Yeni yasama yılı başladı.
Başkanlık sistemiyle birlikte, demokrasinin erkleri, yasama-yürütme ve yargı, olması gerektiği şekilde, birbirinden bağlantısız ve bağımsız hale geldi.
Bundan önce sahip olduğumuz parlamenter sistemini vesayetle illetli (hastalıklı) kıldığımızdan dolayı, bunlar birbirine bağımlıydılar.
Zira hükümet parlamenterden teşkil ediliyor, kurulup işbaşı yapabilmesi için de yine parlamentodan ‘güvenoyu’ alması gerekiyordu.
Milletin doğrudan seçip iktidara taşıdığı siyasi partinin iktidar olması, yani hükümet kurması için de ayrıca parlamentodan yeterli çoğunlukta oy alması gerekiyordu.
Mantıksızlığa bakın ki asılın verdiğiyle yetinmiyor, vekilin de tasdikini arıyorduk.
Bu durum iki bakımdan sakıncalıydı; birincisi, müthiş bir zaman israfı söz konusuydu. İkincisi de hükümet olmada koalisyonların önünü açıyor ve siyasi istikrarsızlık sürüp gidiyordu.
Hesap ortada; parlamenter sistemle idare edildiğimiz dönemlerdeki hükümetlerin ortalama ömürleri yalnızca 18 aydır. Düşünün; istikrar olan dönemde 17 ay öncesinden erken seçim kararı aldık!
Bakanlar parlamenterlerden seçildiğinde, bakanların seçilmiş oldukları iller ister istemez ayrıcalıklı oluyordu. Bakan, bir daha seçilebilmek için, hizmetlerde kendi iline öncelik tanıyordu.
Böylece, ülkenin gerçekleri yerine, siyasetin gerçekleri önem kazanıyordu.
Vesayetle malul parlamenter sistemin, demokrasinin ruhuna uymayan şekliyle, yasama, yani parlamento, yürütmenin, yani hükümetin emrinde iş görüyordu.
Kanun tasarıları Bakanlar Kurulu tarafından düzenlenip Meclis’e sunuluyor, iktidardan (hükümet) gelen tasarılar yine iktidar partisinin oylarıyla yasalaşıyordu.
Başkanlık sisteminde ise, bakanlar parlamentonun dışından belirlendiği için, bakanların her biri, kendilerini belirleyenin (Başkan) sekreteri konumundadır.
Bakanlar Kurulu’nun artık eskisi gibi parlamentoya bir şey dayatmaları söz konusu değildir.
Yalnızca ‘Bütçe’yi Cumhurbaşkanlığı Meclis’e sunacak, bunun dışında ne Cumhurbaşkanlığı ve ne de kabine (Bakanlar Kurulu) parlamentoya kanun teklifi ya da tasarısında bulunamayacak.
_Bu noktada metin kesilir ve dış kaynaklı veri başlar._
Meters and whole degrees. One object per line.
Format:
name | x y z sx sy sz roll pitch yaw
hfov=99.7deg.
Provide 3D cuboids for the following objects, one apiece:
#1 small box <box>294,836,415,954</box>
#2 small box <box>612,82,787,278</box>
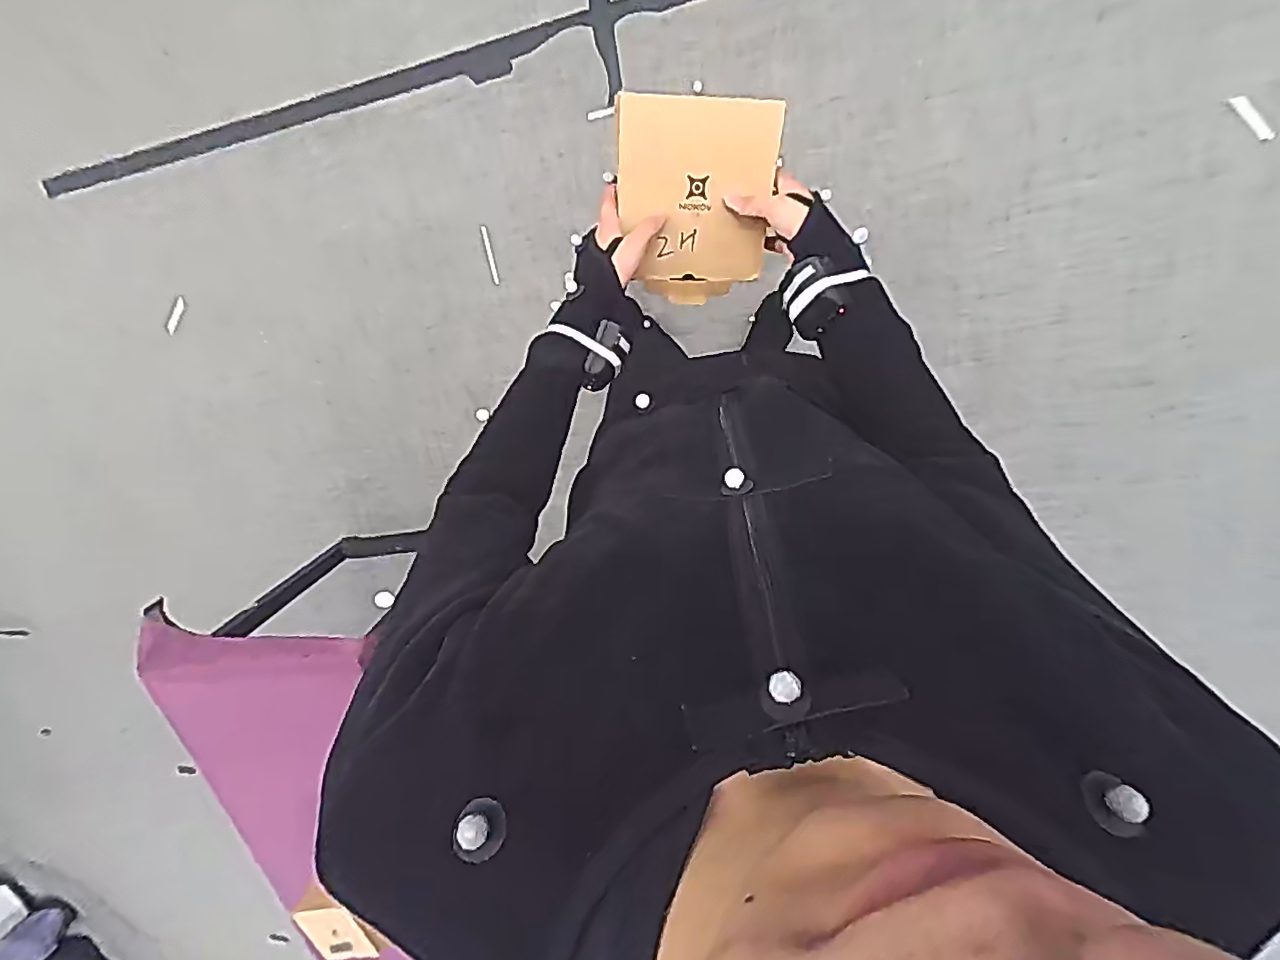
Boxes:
small box | -0.701 1.034 1.353 0.168 0.176 0.179 -17 108 15
small box | 0.053 -0.347 0.629 0.168 0.176 0.179 0 125 -4
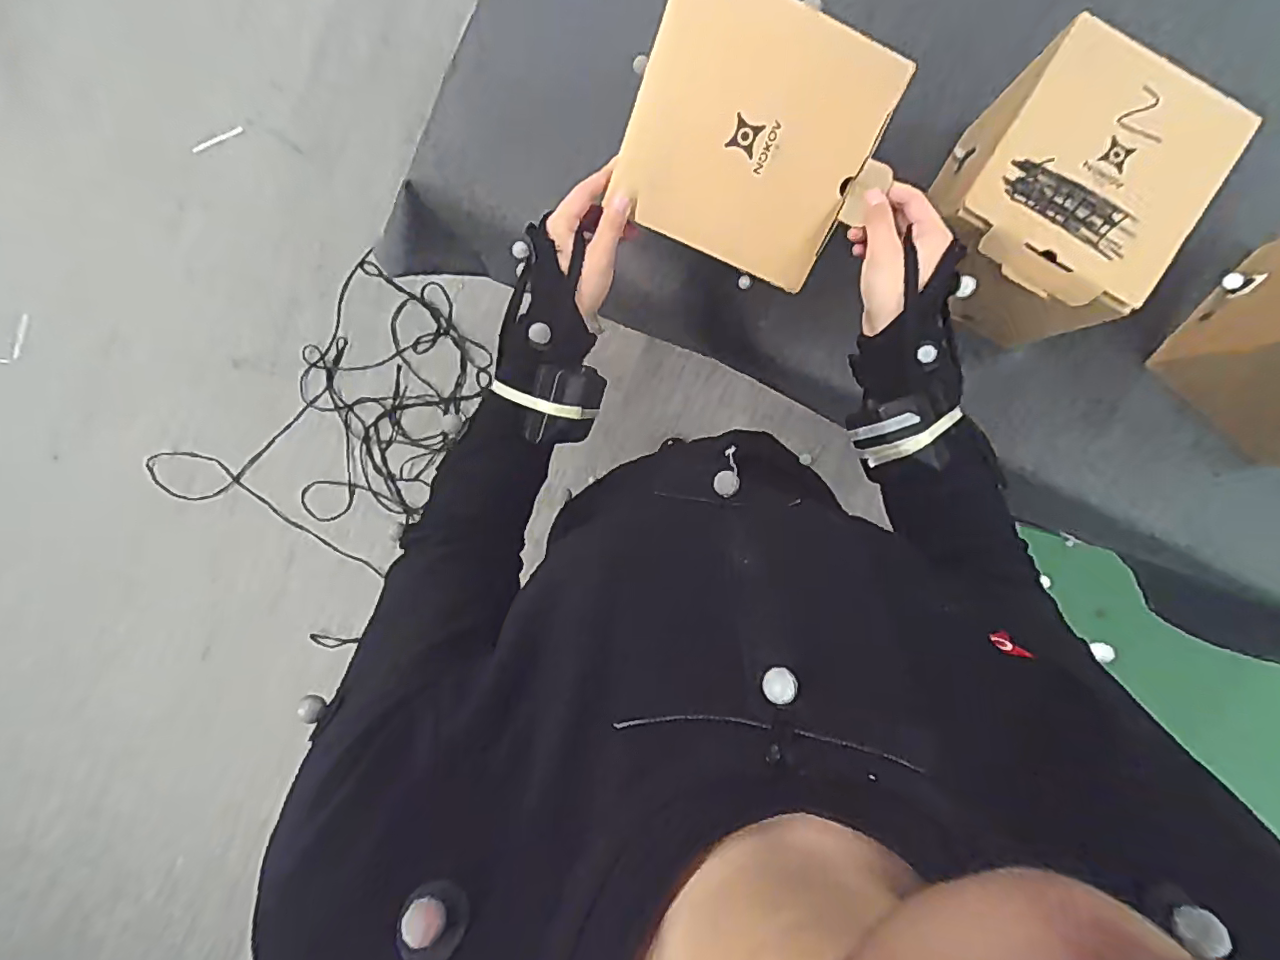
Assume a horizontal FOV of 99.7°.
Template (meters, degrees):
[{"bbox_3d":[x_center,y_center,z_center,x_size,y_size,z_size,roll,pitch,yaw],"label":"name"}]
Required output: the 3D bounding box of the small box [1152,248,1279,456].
[{"bbox_3d":[0.667,-0.128,0.507,0.179,0.176,0.168,41,95,0],"label":"small box"}]
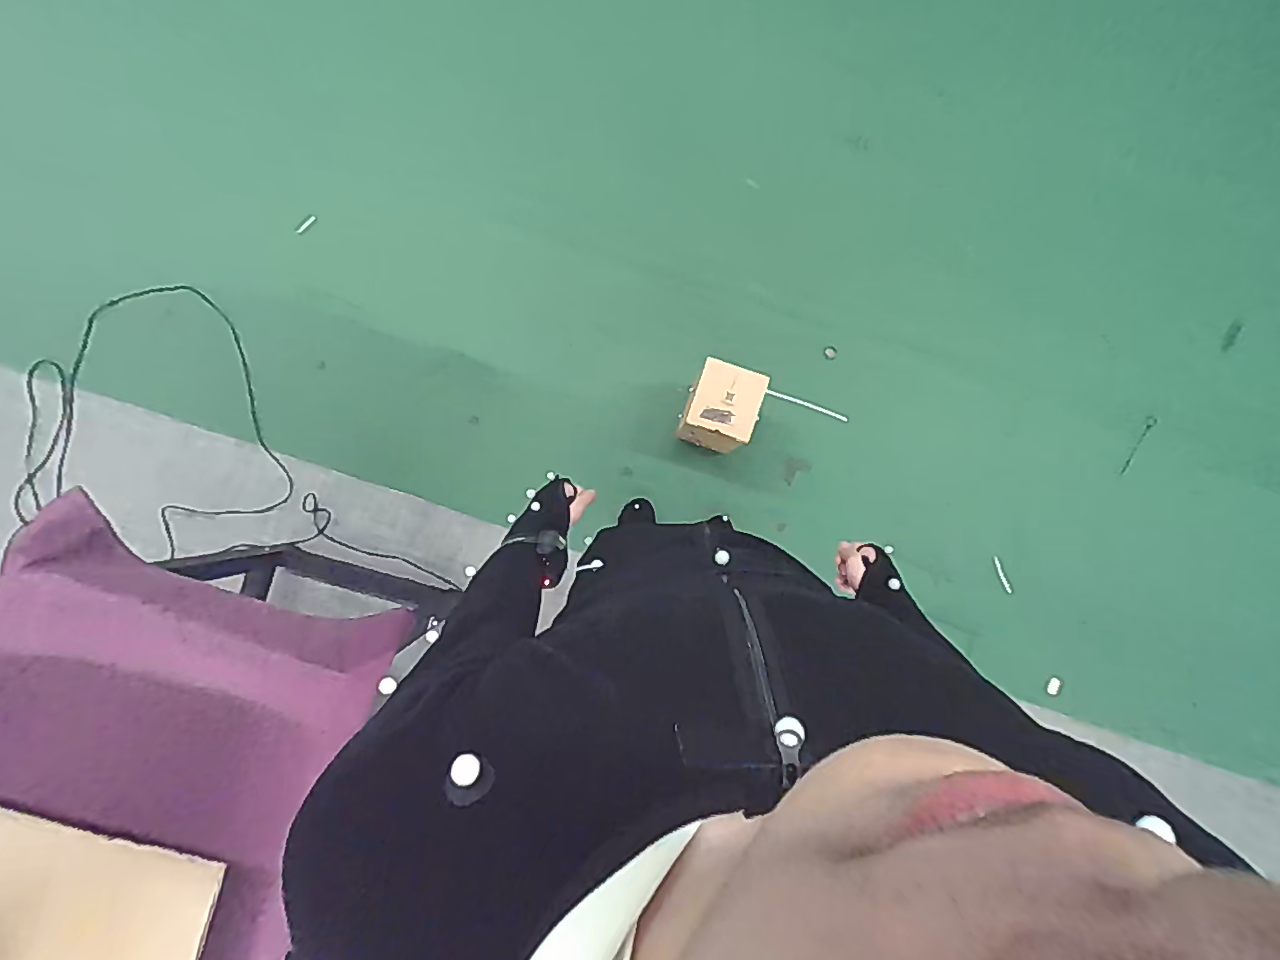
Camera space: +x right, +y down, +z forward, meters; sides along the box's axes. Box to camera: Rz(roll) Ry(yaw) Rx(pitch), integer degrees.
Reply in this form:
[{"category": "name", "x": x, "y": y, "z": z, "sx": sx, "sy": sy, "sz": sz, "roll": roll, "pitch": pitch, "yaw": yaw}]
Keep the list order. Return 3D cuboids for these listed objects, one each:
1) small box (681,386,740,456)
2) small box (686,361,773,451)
[{"category": "small box", "x": 0.224, "y": -0.178, "z": 1.574, "sx": 0.168, "sy": 0.176, "sz": 0.179, "roll": 19, "pitch": 89, "yaw": 0}, {"category": "small box", "x": 0.225, "y": -0.183, "z": 1.411, "sx": 0.168, "sy": 0.176, "sz": 0.179, "roll": 19, "pitch": 87, "yaw": 0}]

Başkanlık sistemiyle birlikte, milletvekilleri (özellikle iktidar partisine mensup olanlar) şahsiyetlerini müdrik olup, hükümetin emir eri olmaktan kurtuldular!
Artık hükümet hükümetliğini, parlamento da parlamentoluğunu bilecek, birbirlerine tahakküm edemeyecekler.
Her erk kendi işine bakacak ve başkalarının (diğer erklerin) işine karışmayacak, karışamayacak.
Başkanlık sistemiyle birlikte, hükümetleri (iktidarları) millet getirip götürecek. Milletin vermediği yönetim gücünü hiç kimse ve hiçbir kurum ve kuruluş (vesayet odağı) kullanamayacak.
Yeni yönetimle birlikte, odak millettir; millet beğendiğini iktidara taşıyacak, beğenmediğini ise iktidardan uzaklaştıracaktır.
Demokrasinin ruhuna uygun olanı da budur; işin gerçek sahibi millettir, vekiller ise emanetçidir ve millete hizmetle görevlidirler.